DATA SHOWN:
· · ·

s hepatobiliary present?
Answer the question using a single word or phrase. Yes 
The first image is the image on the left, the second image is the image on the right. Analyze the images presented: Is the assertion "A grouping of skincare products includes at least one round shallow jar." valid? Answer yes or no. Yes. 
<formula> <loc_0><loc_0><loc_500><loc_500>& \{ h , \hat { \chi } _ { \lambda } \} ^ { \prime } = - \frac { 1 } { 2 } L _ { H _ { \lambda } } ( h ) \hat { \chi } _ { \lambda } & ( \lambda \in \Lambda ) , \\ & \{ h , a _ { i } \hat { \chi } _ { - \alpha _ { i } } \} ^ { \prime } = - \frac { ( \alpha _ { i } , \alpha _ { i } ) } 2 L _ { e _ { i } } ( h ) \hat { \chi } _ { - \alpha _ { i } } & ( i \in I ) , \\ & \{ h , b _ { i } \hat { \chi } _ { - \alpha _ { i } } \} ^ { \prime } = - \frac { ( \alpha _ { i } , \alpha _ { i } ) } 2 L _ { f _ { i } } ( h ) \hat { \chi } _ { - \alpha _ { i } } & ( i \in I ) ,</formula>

· · ·

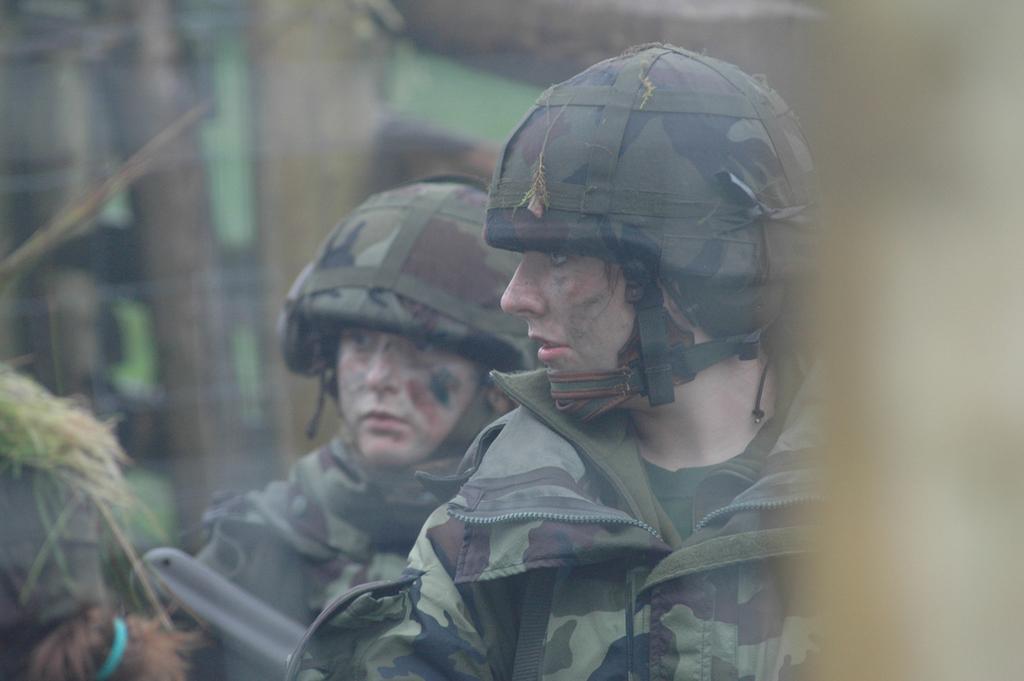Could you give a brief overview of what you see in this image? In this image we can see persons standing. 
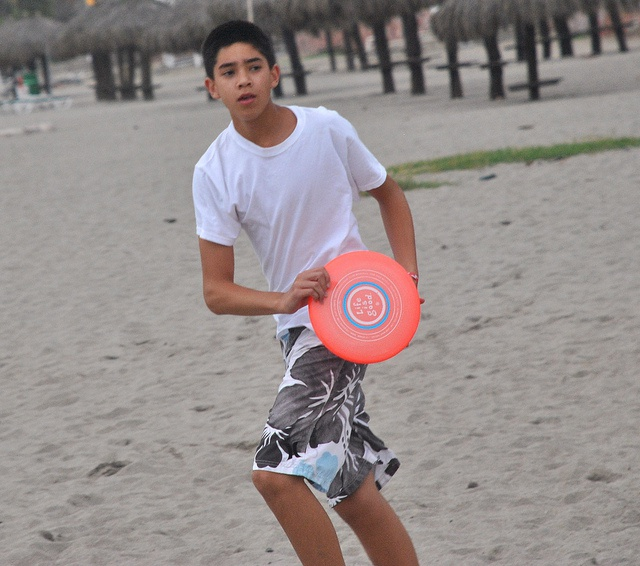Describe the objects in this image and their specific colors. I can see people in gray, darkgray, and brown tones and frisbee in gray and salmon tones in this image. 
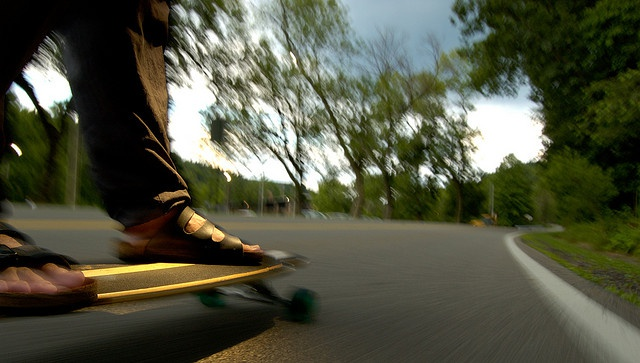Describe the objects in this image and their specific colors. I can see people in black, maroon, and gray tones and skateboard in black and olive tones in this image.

· · ·

Look in the material above for the line with "Answer the question" and the line with "I ) ,</formula>", and transcribe exactly those lines and all lines between them, nothing more.

Answer the question using a single word or phrase. Yes 
The first image is the image on the left, the second image is the image on the right. Analyze the images presented: Is the assertion "A grouping of skincare products includes at least one round shallow jar." valid? Answer yes or no. Yes. 
<formula> <loc_0><loc_0><loc_500><loc_500>& \{ h , \hat { \chi } _ { \lambda } \} ^ { \prime } = - \frac { 1 } { 2 } L _ { H _ { \lambda } } ( h ) \hat { \chi } _ { \lambda } & ( \lambda \in \Lambda ) , \\ & \{ h , a _ { i } \hat { \chi } _ { - \alpha _ { i } } \} ^ { \prime } = - \frac { ( \alpha _ { i } , \alpha _ { i } ) } 2 L _ { e _ { i } } ( h ) \hat { \chi } _ { - \alpha _ { i } } & ( i \in I ) , \\ & \{ h , b _ { i } \hat { \chi } _ { - \alpha _ { i } } \} ^ { \prime } = - \frac { ( \alpha _ { i } , \alpha _ { i } ) } 2 L _ { f _ { i } } ( h ) \hat { \chi } _ { - \alpha _ { i } } & ( i \in I ) ,</formula>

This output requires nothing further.